- [Work request]:
Whenever a line in the following entries includes "Your", tally it. Report nothing except the final count.

***** Given records *****

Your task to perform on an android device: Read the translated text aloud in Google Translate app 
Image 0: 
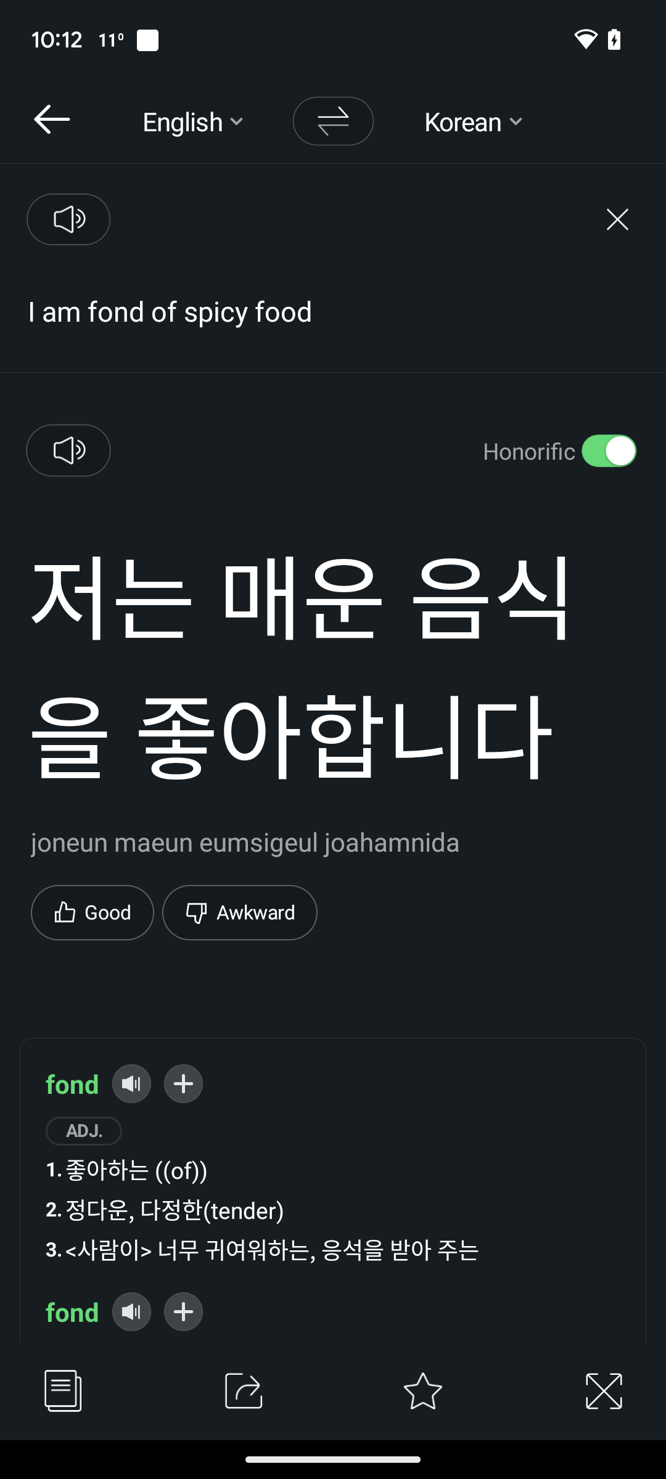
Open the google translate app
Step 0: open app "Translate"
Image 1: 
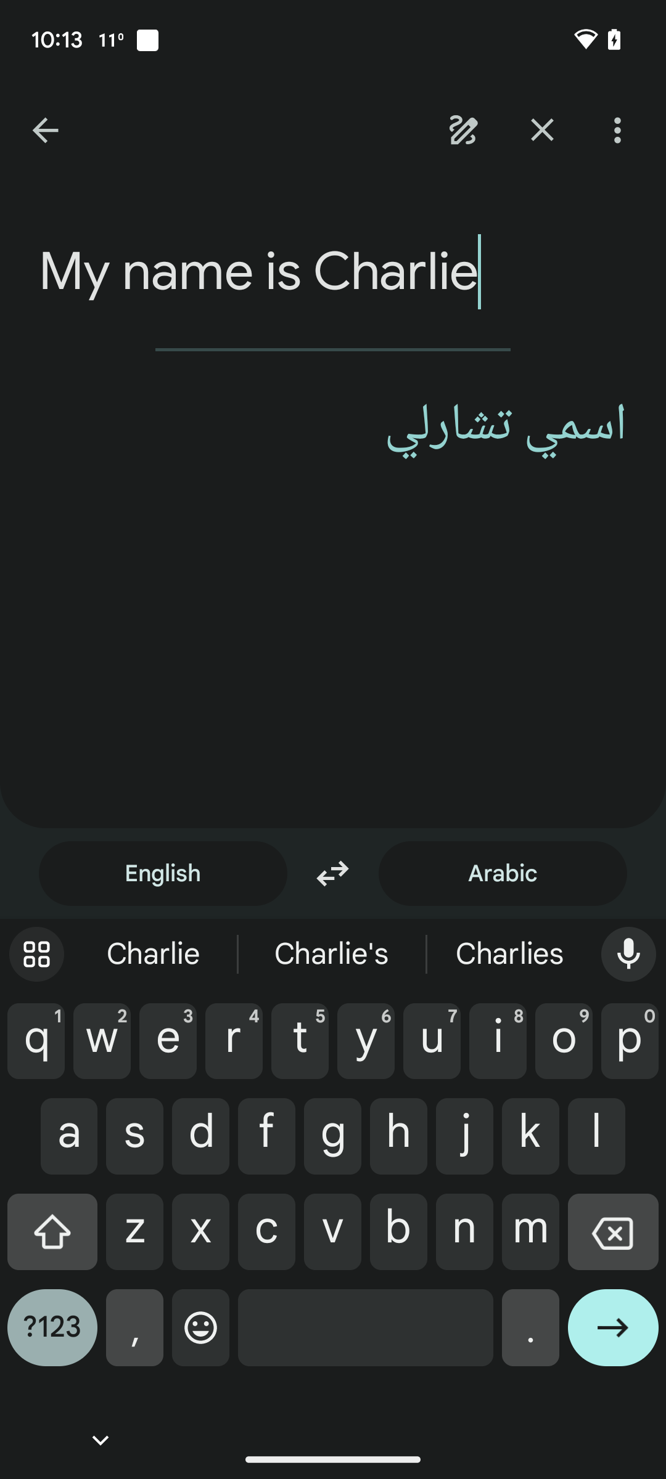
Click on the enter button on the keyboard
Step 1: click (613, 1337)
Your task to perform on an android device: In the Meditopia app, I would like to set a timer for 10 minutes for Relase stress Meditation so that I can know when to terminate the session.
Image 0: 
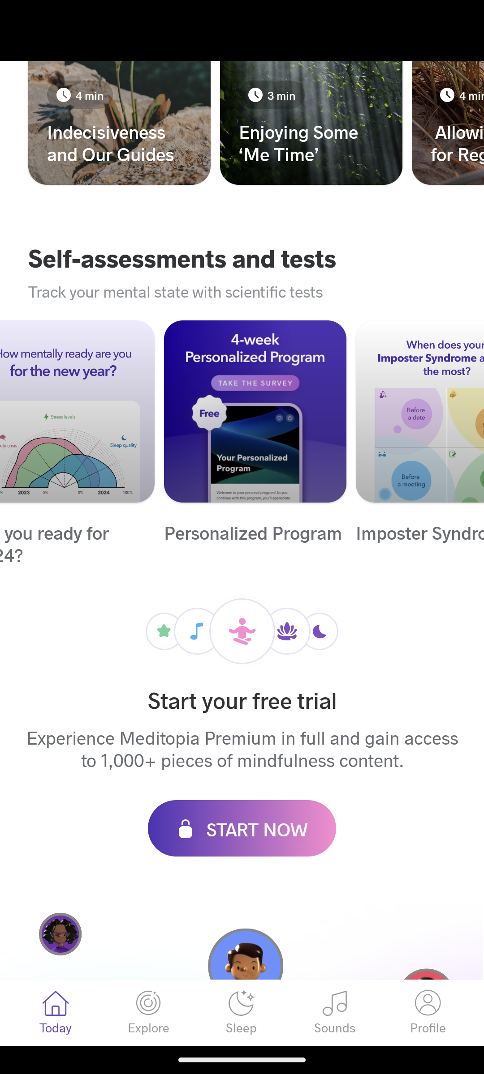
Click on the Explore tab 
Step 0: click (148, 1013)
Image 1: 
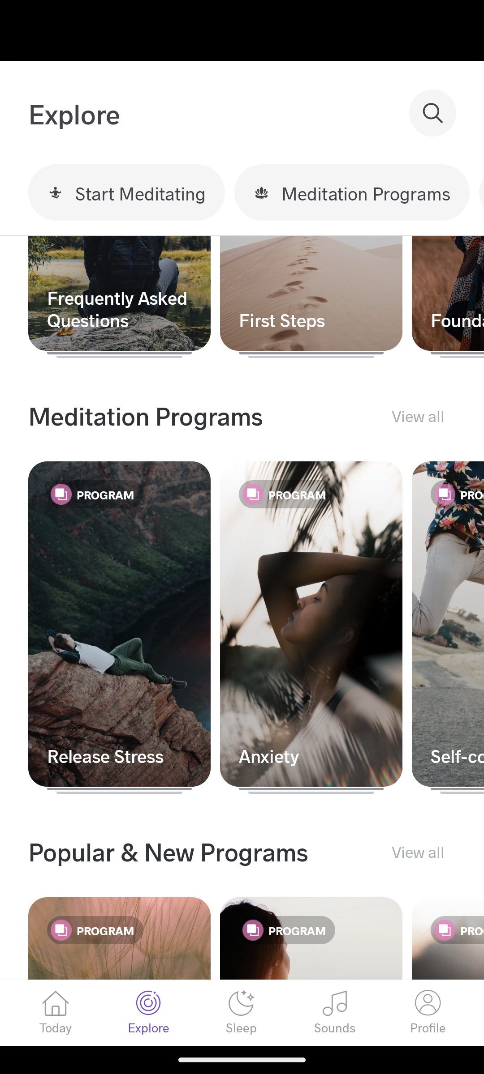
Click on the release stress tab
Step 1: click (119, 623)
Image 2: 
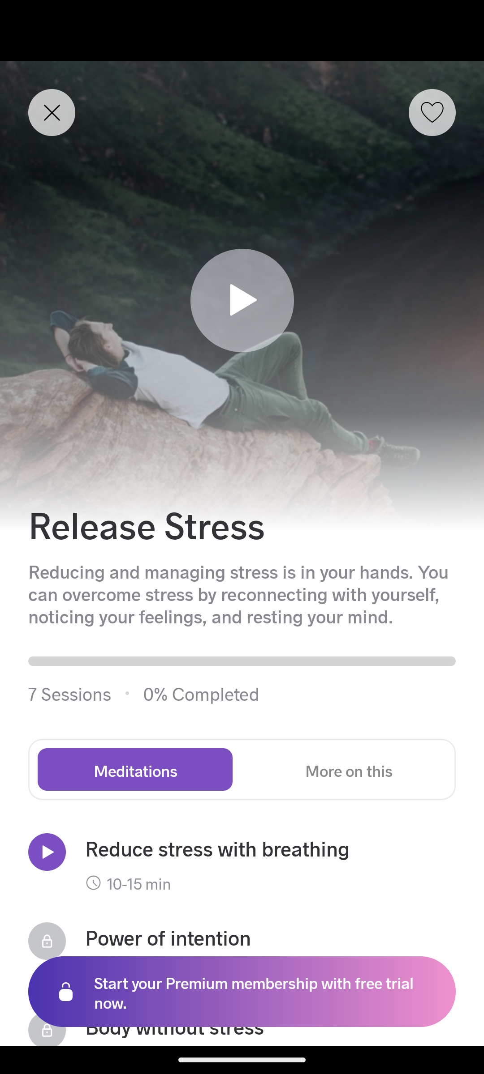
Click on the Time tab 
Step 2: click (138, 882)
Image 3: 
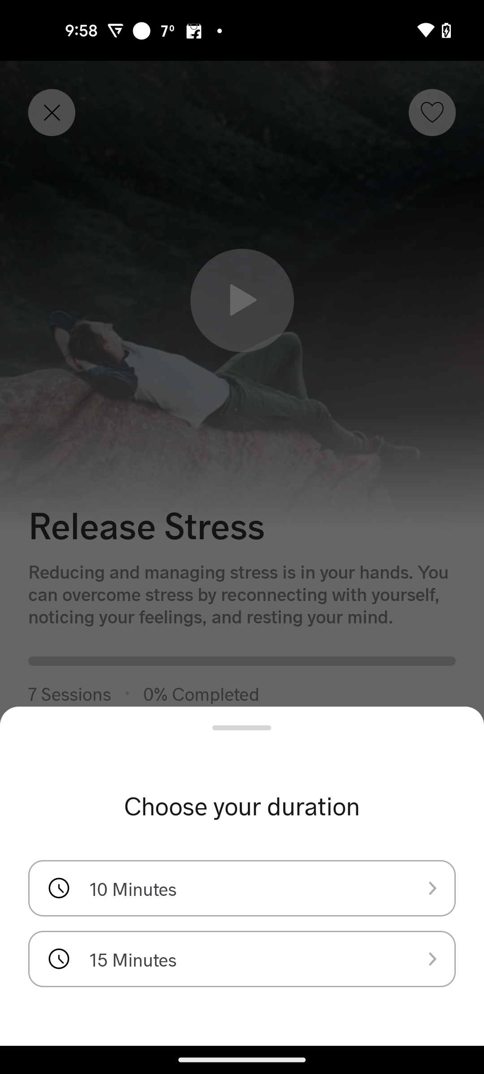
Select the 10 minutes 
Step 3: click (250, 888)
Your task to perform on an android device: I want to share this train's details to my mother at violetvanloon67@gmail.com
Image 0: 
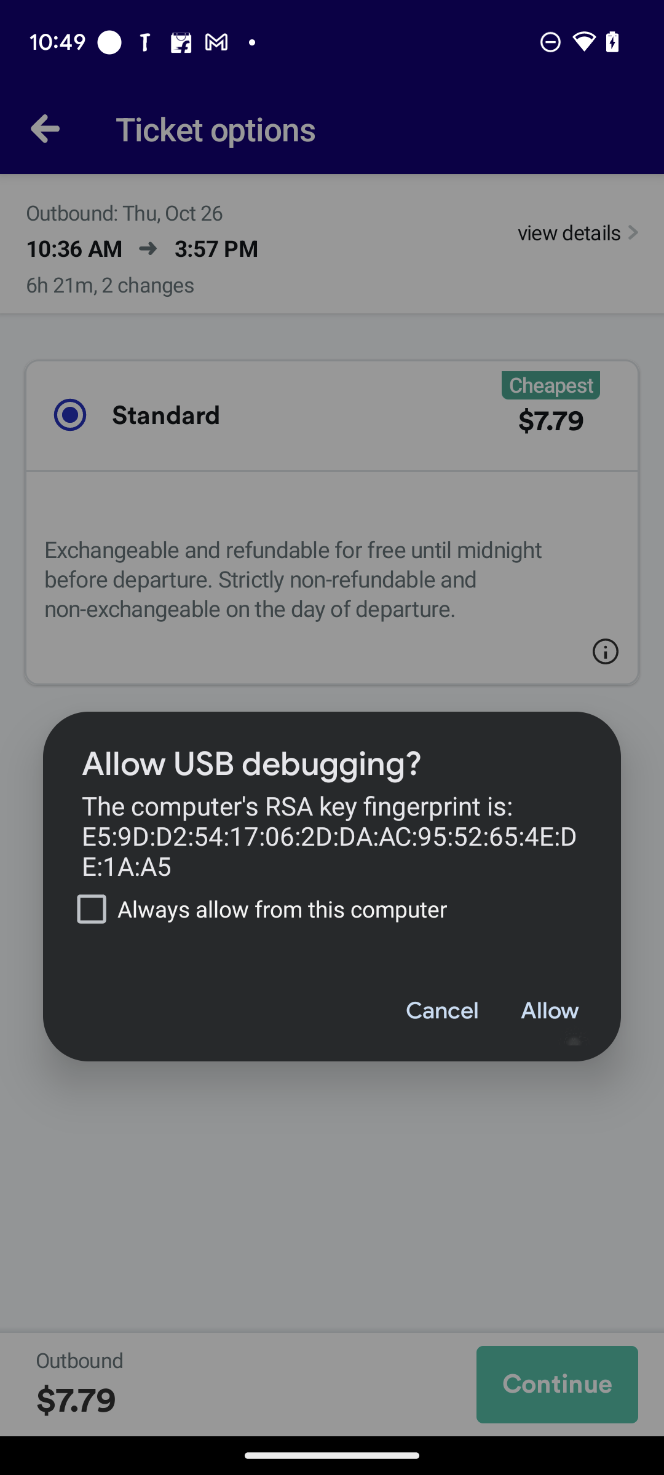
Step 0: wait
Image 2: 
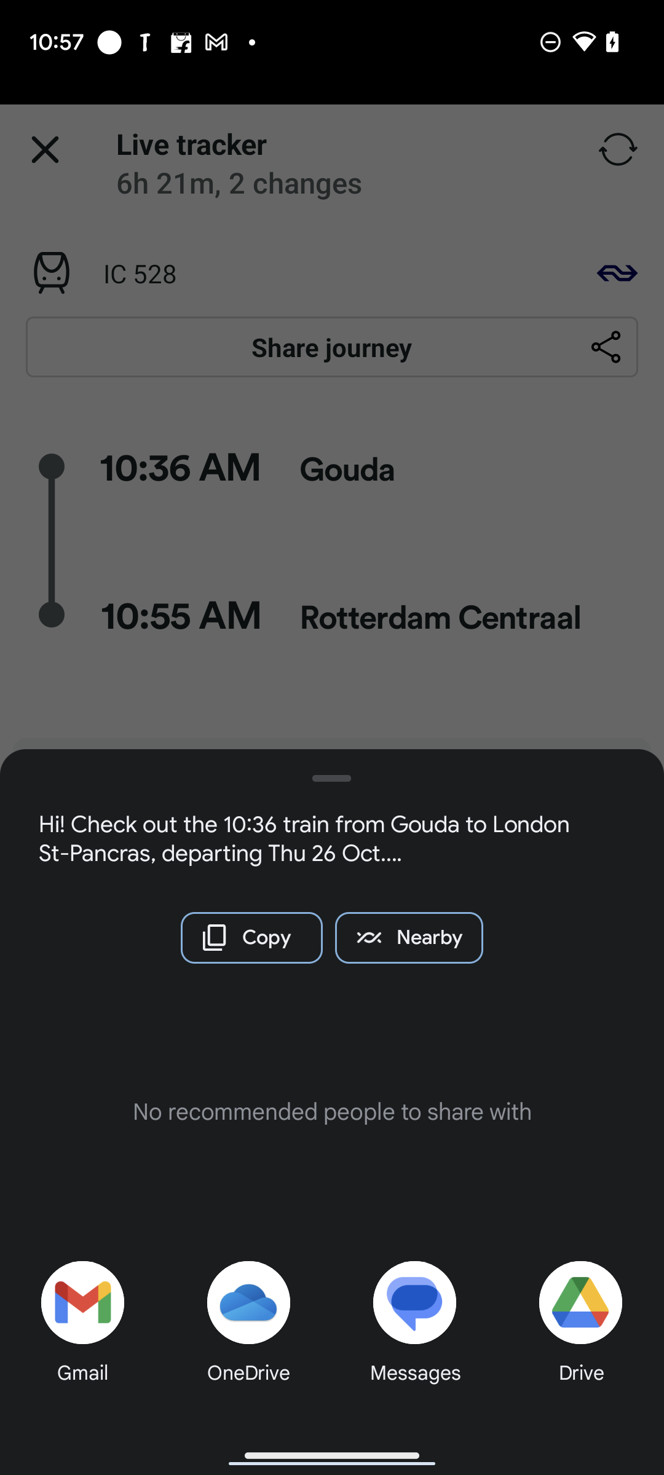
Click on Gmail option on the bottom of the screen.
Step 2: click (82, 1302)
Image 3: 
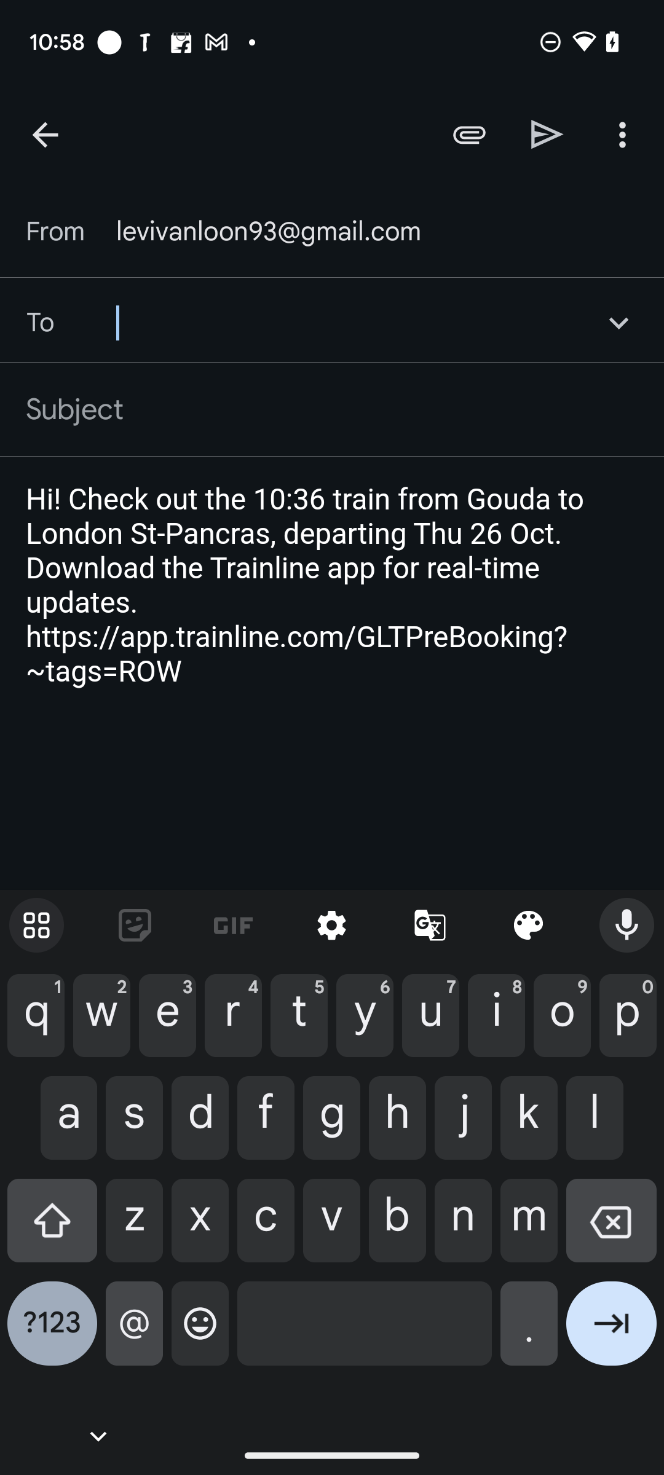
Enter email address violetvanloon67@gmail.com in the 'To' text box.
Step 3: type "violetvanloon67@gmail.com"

*****

- [Answer to the exercise]:
3